Chiedeva volersi accogliere il ricorso con vittoria di spese.
Si costituiva l'Ufficio che confermava la bontà del proprio operato e chiedeva il rigetto del ricorso con vittoria di spese.
La Corte di Primo Grado di Bergamo rigettava il ricorso avendo ritenuto che “ la cartella impugnata è stata incontestabilmente emessa in conseguenza del mancato adempimento spontaneo della obbligazione tributaria nascente dall'Atto di recupero di un credito fiscale inesistente relativo all'anno 2017, Atto notificato in data 27/09/2021 e oggetto di autonoma impugnazione, conclusasi nel primo grado di giudizio con la conferma dell'operato dell'Agenzia e, pertanto, con il rigetto del ricorso”. E che a seguito del detto giudizio veniva emessa la cartella qui in esame che, se pur in maniera sintetica ha indicato l'oggetto della stessa. Riteneva perciò non accoglibile l'eccezione di mancanza di motivazione. Riteneva altresì non accoglibile anche la contestata mancanza di contradittorio poiché “ la Cartella di pagamento rappresenta un titolo esecutivo che riguarda esclusivamente la fase di esecuzione esattoriale di un credito precedente formatosi in conseguenza di altri atti recettizi, regolarmente notificati, che hanno dato origine alla pretesa erariale, motivo per cui l'Ente di Riscossione non aveva alcun obbligo di dare vita a un contradditorio preliminare con la società ricorrente”. Condannava la società alle spese liquidate in euro 500,00.
Presenta appello la Società Ricorrente_1 eccependo nullità della sentenza per non aver rilevato il vizio di motivazione degli atti amministrativi notificati alla ricorrente, anzi a suo parere per averlo implicitamente ammesso.
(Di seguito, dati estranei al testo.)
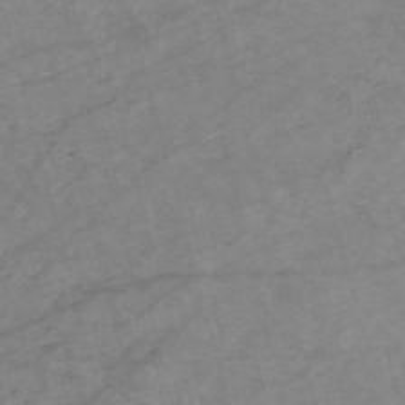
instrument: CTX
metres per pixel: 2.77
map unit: HNb
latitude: -54.1606
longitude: -49.7072
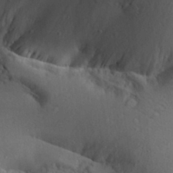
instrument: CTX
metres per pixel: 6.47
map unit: Aa
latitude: 29.6127
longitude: -133.6505
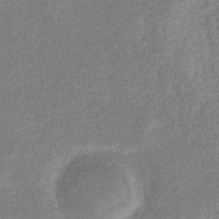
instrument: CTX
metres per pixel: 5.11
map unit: eHb
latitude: -34.5007
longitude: 78.2928
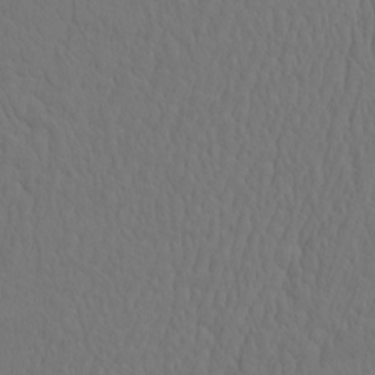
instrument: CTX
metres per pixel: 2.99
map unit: eHh
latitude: -2.5195
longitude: 15.1998
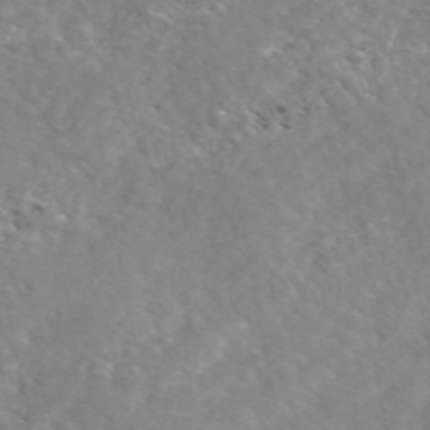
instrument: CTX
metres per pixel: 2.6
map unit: eAb
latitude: 48.4223
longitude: 117.8044
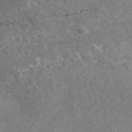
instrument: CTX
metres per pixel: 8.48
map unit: ANa
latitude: 43.7828
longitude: 25.5021
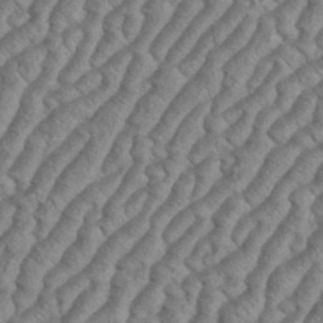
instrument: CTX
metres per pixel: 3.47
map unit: eHh
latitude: 37.1403
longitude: -137.2915
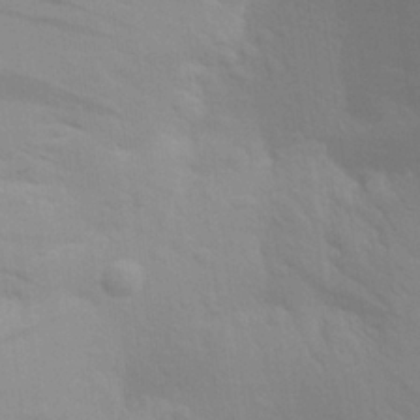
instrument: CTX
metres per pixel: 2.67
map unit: Aa
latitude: 24.3089
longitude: -145.3670
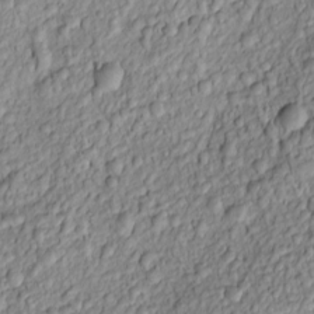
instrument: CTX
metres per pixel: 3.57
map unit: Htu
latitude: -6.2172
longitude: 155.8233
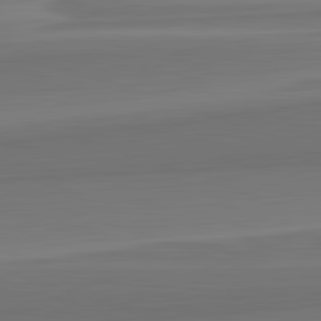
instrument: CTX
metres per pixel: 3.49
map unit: lApd
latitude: 82.7435
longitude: 168.6329
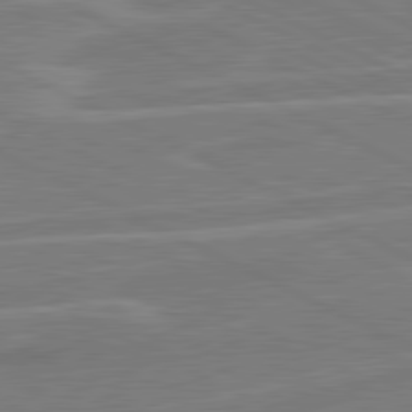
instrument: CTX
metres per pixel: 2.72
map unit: lApd
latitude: 80.9514
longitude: 120.7085
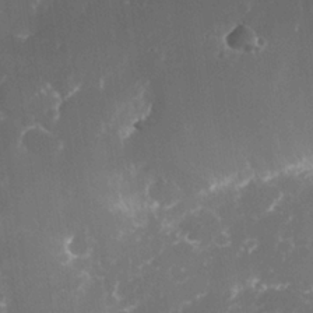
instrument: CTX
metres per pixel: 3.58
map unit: Nhe
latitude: -35.0297
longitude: -145.3293

Richiama giurisprudenza di merito che sosterrebbe tale eccezione. Ricorda che gli atti amministrativi, impugnati a mezzo del ricorso introduttivo del primo grado di giudizio, sarebbero due: la cartella di pagamento n. 01920210009907061000 IVA-ALTRO 2017 ed il ruolo n. 2022/000636, contenuto nella prima. Eccepisce poi nullità anche sotto il profilo del motivo di ricorso relativo al mancato contraddittorio. Sostiene che” l'asserito credito avversario fosse tutt'altro che certo, stante la decorrenza dei termini per impugnare la sentenza di primo grado, la quale aveva rigettato il ricorso avverso l'avviso di accertamento n. T9FCRB200150/2019 notificato alla contribuente il 27.09.2021”. Deduce pertanto l'impossibilità di attribuire la natura di titolo esecutivo ad un atto, quale la cartella di pagamento notificata, derivante da precedente atto impositivo la cui legittimità risulta ancora in discussione, stante il mancato passaggio in giudicato della sentenza di rigetto della relativa impugnazione. Da tali considerazioni fa discendere l'opportunità di un contraddittorio tra le parti. Ancora eccepisce nullità della sentenza impugnata per omessa pronuncia in tema di mancato assolvimento dell'onere probatorio da parte dell'ente notificante. Contesta la liquidazione delle spese a carico della ricorrente, invocando una reciproca soccombenza. Chiede la riforma della sentenza impugnata con vittoria di spese e comunque la sospensione della provvisoria esecutorietà della sentenza impugnata ed, in ogni caso, della cartella di pagamento notificata e del ruolo in essa contenuto
Si costituisce la parte appellata che per quanto riguarda l'istanza cautelare chiede che venga rigettata l'istanza di sospensione proposta, sia con riferimento alla esecutività della sentenza impugnata, sia all'atto impugnato, per la totale assenza dei requisiti previsti, rispettivamente dagli art. 52 e 47 del D.Lgs. n. 546/1992. Ricorda poi che nel caso in esame si tratta di “ iscrizione a ruolo a titolo straordinario di una obbligazione tributaria il cui adempimento integrale, anche in presenza di impugnazione dell'atto di recupero, è espressamente prevista dalla legge, in particolare dall'art. 27, comma 19 del D.L. n. 185/2008, pro tempore vigente ”. Contesta poi partitamente le eccezioni sollevate dalla parte nel suo atto di appello, correttamente e compiutamente motivata, così come ribadisce era motivata la cartella qui in discussione.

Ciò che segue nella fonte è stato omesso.